Note: The Johnson & Johnson (Janssen) COVID-19 vaccine expired as of May 6, 2023, and is no longer available in the U.S. Those who did get the J&J shot are considered up-to-date when they get one updated (2023–2024 formula) COVID vaccine.

Information in this article was accurate at the time of original publication. Because information about COVID changes rapidly, we encourage you to visit the websites of the Centers for Disease Control & Prevention (CDC), World Health Organization (WHO), and your state and local government.

COVID-19 is now in its fourth year, and the Omicron variant and its subvariants are still driving infections in cases in the United States. The good news is that vaccines are still expected to be effective at preventing severe disease, hospitalization, and death from COVID.

In the U.S., infants, children, and adults ages 6 months and older are eligible to be vaccinated, according to the Centers for Disease Control and Prevention (CDC).

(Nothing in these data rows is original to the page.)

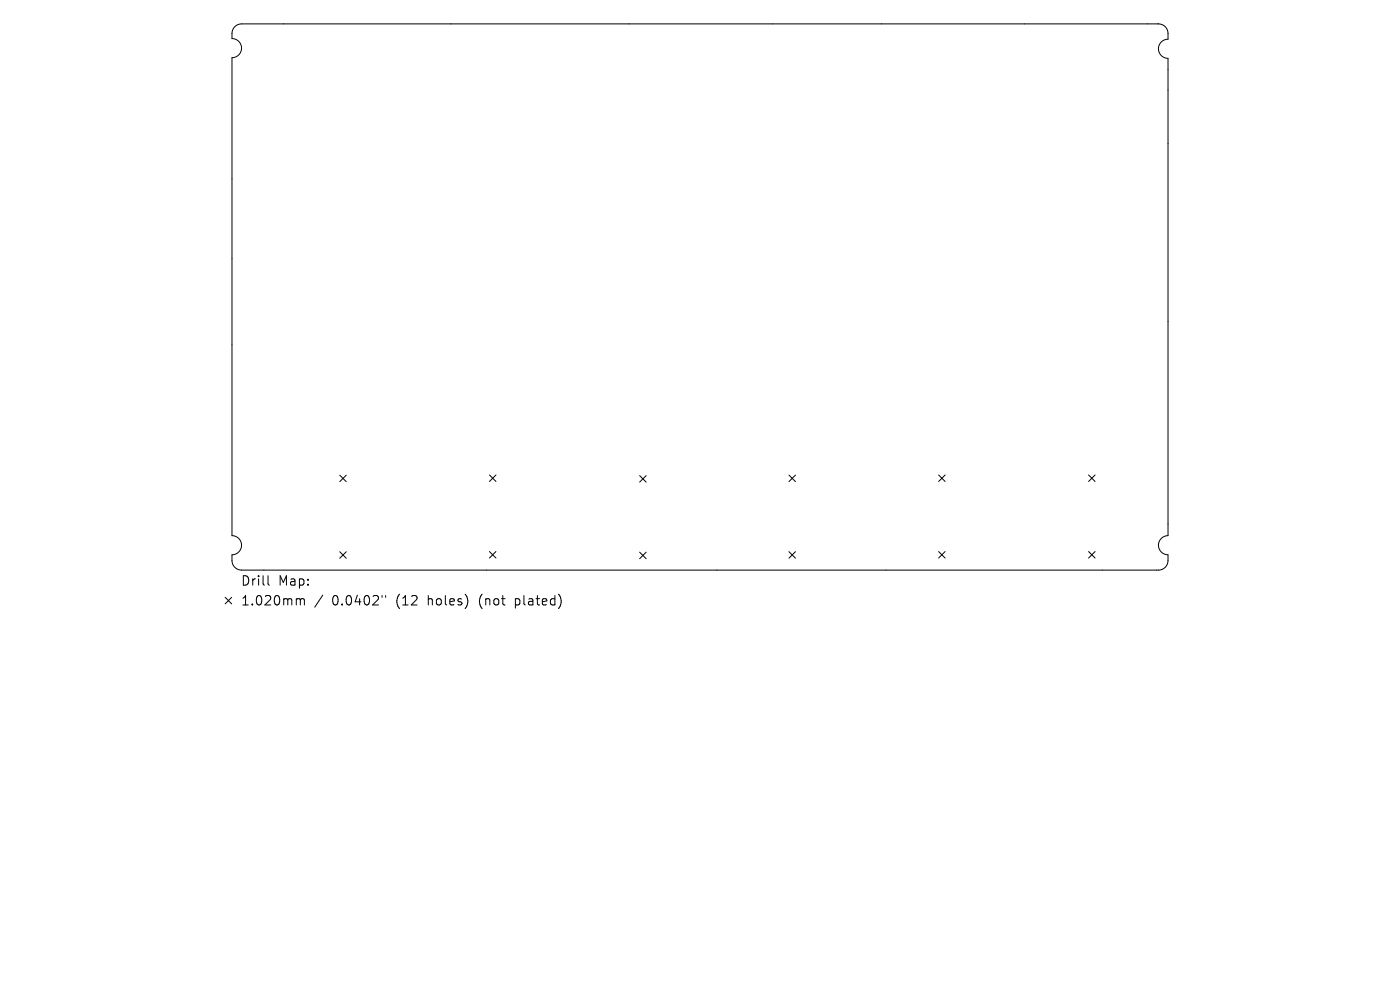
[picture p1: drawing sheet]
<svg xmlns="http://www.w3.org/2000/svg" width="297mm" height="210mm" viewBox="0 0 297 210" stroke-linecap="round" stroke-linejoin="round" font-family="sans-serif">
<defs><g id="words">
<g font-size="2.8">
<text x="51.1" y="124.5">Drill</text>
<text x="59.1" y="124.5">Map:</text>
<text x="51.1" y="128.7">1.020mm</text>
<text x="70.4" y="128.7">0.0402&quot;</text>
<text x="84" y="128.7">(12</text>
<text x="90.8" y="128.7">holes)</text>
<text x="101.7" y="128.7">(not</text>
<text x="109.5" y="128.7">plated)</text>
</g>
</g></defs>
<g fill="none" stroke="#000" stroke-width=".21">
<path d="M49.9 5.6l.5-.4 .8-.1h194.6a2.03 2.03 0 0 1 2 2v1.2a2.03 2.03 0 0 0-2 2 2.03 2.03 0 0 0 2 2.1v101.2a2.03 2.03 0 0 0-2 2.1 2.03 2.03 0 0 0 2 2 3.2 3.2 0 0 1-.4 2.5l-.8 .6-.8 .1h-194.6a2.03 2.03 0 0 1-2-2v-1.2a2.03 2.03 0 0 0 2-2 2.03 2.03 0 0 0-2-2.1v-101.4a2.03 2.03 0 0 0 2-2 2.03 2.03 0 0 0-2-2 2.7 2.7 0 0 1 .7-2.6zM72.1 100.8l1.4 1.4M72.1 117l1.4 1.4M73.5 100.8l-1.4 1.4M73.5 117l-1.4 1.4M103.8 100.8l1.4 1.3M103.8 117l1.4 1.4M105.2 100.8l-1.4 1.3M105.2 117l-1.4 1.4M135.7 100.9l1.4 1.4M135.7 117.1l1.4 1.4M137.1 100.9l-1.4 1.4"/>
<path d="M137.1 117.1l-1.4 1.4M167.4 100.8l1.4 1.4M167.4 117l1.4 1.4M168.8 100.8l-1.4 1.4M168.8 117l-1.4 1.4M199.1 100.8l1.4 1.3M199.1 117l1.4 1.4M200.5 100.8l-1.4 1.3M200.5 117l-1.4 1.4M230.9 100.8l1.4 1.3M230.9 117l1.4 1.4M232.3 100.8l-1.4 1.3"/>
<path d="M232.3 117l-1.4 1.4M47.8 126.7l1.3 1.4M49.1 126.7l-1.3 1.4M56.9 122.1v1.7l.2 .3M63.4 127l.3 .3M63.7 127.3v1M63.7 127.3l.3-.3 .5 .1 .1 1.2M68.5 126.2l-1.7 2.6M81.1 126.3v.4M81.8 126.3v.4M99.1 126.9v1.3M118.6 126.1a2.35 2.35 0 0 1 0 2.9"/>
</g>
<use href="#words"/>
</svg>

As the SARS-CoV-2 virus mutates and new variants continue to emerge, it’s important to keep up with how well the updated vaccines are performing, but it’s also a daunting task, given the flood of information (and misinformation) coming at us from so many directions.

We mapped out a comparison of the most prominent COVID vaccines.

The three vaccines in use in the U.S.

Pfizer-BioNTech

The Pfizer-BioNTech vaccine (brand name: Comirnaty) was granted full Food and Drug Administration (FDA) approval in August 2021 for people ages 16 and older. Before that, it was the first COVID vaccine to receive FDA Emergency Use Authorization (EUA) back in December 2020, after the company reported that its vaccine was highly effective at preventing symptomatic disease. This is a messenger RNA (mRNA) vaccine, which uses a relatively new technology. It must be stored in freezer-level temperatures, which can make it more difficult to distribute than some other vaccines.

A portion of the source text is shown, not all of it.